Chloe Smith - Coach Spotlight

Coach Spotlight

Chloe Smith

I completed my Level 1 Coaching badges back in September 2019 when I was 18, just one month after starting the Girls’ Section at Willingham Wolves FC. I have been a coach for nearly 2 years, and I have loved every second of it, from watching the girls grow in confidence and helping them learn and develop their skills to now having 3 Girls teams and 1 Ladies team at the club with a team of 12 female coaches now supporting the development of the Female Pathway at the club. I was inspired to become a coach after watching the England team in the Women’s World Cup in 2019. I wanted to start coaching so I could help develop players, especially girls and women who now have even more opportunities to play. It made me want to be able to show girls that they can learn from other females in the game too, whether it be coaching or playing football.

I think that being a coach means to inspire people of all ages, to encourage them to participate in football and to watch them improve regardless of their ability. Coaching is such a rewarding role, getting to know the girls and ladies as individuals to bring the best player they can be out of them is the best part of the role. Being a role model to the girls who play in the team I coach as well as the younger coaches within the team is the most rewarding part to being a coach, helping girls set up their journeys into football whether it be playing, or coaching it is really rewarding.

In October 2020, I was nominated in the category of Coach of the Year in the Living Sports Virtual Sports Awards 2020 for the work I had done within the club and community for girls and ladies football. In December 2020 it was announced that I had won the award. I was very proud of this achievement, to be recognised for all the hard work I had put in that year for female football was the most rewarding part.
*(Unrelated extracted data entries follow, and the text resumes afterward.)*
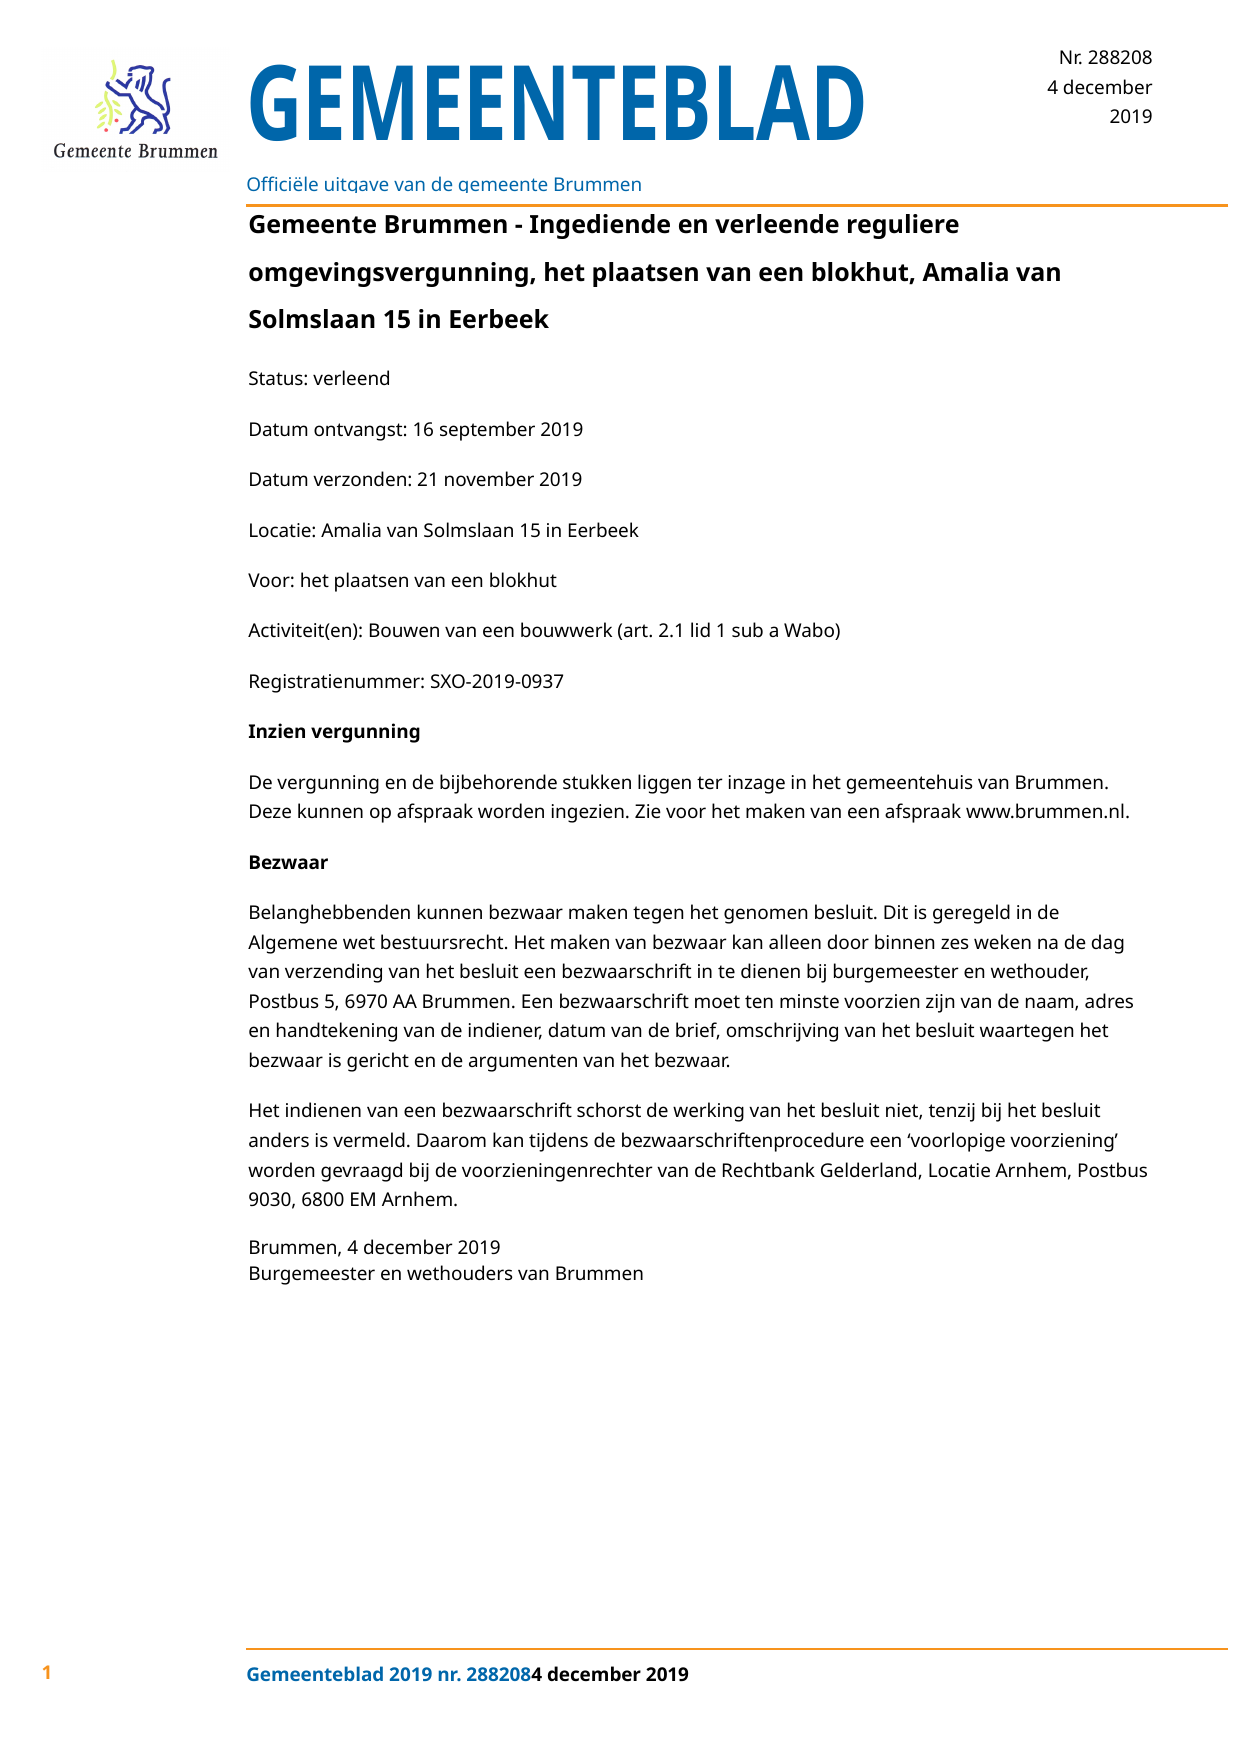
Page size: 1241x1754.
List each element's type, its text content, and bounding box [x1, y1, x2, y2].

text Gemeente Brummen - Ingediende en verleende reguliere omgevingsvergunning, het plaatsen van een blokhut, Amalia van Solmslaan 15 in Eerbeek [248, 207, 1152, 336]
text Bezwaar [248, 849, 1152, 874]
text Inzien vergunning [248, 718, 1152, 744]
text Belanghebbenden kunnen bezwaar maken tegen het genomen besluit. Dit is geregeld in de Algemene wet bestuursrecht. Het maken van bezwaar kan alleen door binnen zes weken na de dag van verzending van het besluit een bezwaarschrift in te dienen bij burgemeester en wethouder, Postbus 5, 6970 AA Brummen. Een bezwaarschrift moet ten minste voorzien zijn van de naam, adres en handtekening van de indiener, datum van de brief, omschrijving van het besluit waartegen het bezwaar is gericht en de argumenten van het bezwaar. [248, 899, 1152, 1073]
text Activiteit(en): Bouwen van een bouwwerk (art. 2.1 lid 1 sub a Wabo) [248, 618, 1152, 643]
text Brummen, 4 december 2019 [248, 1234, 1152, 1260]
text Locatie: Amalia van Solmslaan 15 in Eerbeek [248, 517, 1152, 542]
text Registratienummer: SXO-2019-0937 [248, 668, 1152, 694]
picture [41, 47, 231, 172]
text Voor: het plaatsen van een blokhut [248, 567, 1152, 593]
text Het indienen van een bezwaarschrift schorst de werking van het besluit niet, tenzij bij het besluit anders is vermeld. Daarom kan tijdens de bezwaarschriftenprocedure een ‘voorlopige voorziening’ worden gevraagd bij de voorzieningenrechter van de Rechtbank Gelderland, Locatie Arnhem, Postbus 9030, 6800 EM Arnhem. [248, 1098, 1152, 1212]
text Status: verleend [248, 366, 1152, 391]
text Burgemeester en wethouders van Brummen [248, 1260, 1152, 1286]
text Datum ontvangst: 16 september 2019 [248, 416, 1152, 442]
text Datum verzonden: 21 november 2019 [248, 466, 1152, 492]
text De vergunning en de bijbehorende stukken liggen ter inzage in het gemeentehuis van Brummen. Deze kunnen op afspraak worden ingezien. Zie voor het maken van een afspraak www.brummen.nl. [248, 769, 1152, 824]

The main challenge for me being a coach was my confidence, I was the only female coach at Willingham Wolves FC when I first started and everyone else at the club supported me by giving feedback on session plans and sessions that I delivered. Now having a team of 12 coaches in the female pathway of the club I feel more confident with the sessions I produce, and I feel like I am a role model to the younger coaches in the club. The parents of the girls I coach have been a huge support since I started coaching, with some of them being coaches themselves they have always given me advice on what I could do to improve myself as a coach.

I have many plans to develop the female pathway at Willingham Wolves Football Club over the next few years, it has been challenging over the last year to put these plans into action but hopefully now we can finally start the preparations to see girls and women football grow even more within the club and community.

If you want to become a coach, then do it!

It has been the best decision that I have made and is really rewarding. Get as much experience as you can, watch other coaches and ask questions, do not be afraid of making mistakes. If you want to get into coaching then sign up to do your Playmaker course on The FA website, it will give you the basics to coaching football. If you are not associated to a football club already, find your nearest and get in contact, any grassroots club will happily take on new coaches! Through coaching you can change the next generation of sportsmen and women, you just have to believe in yourself.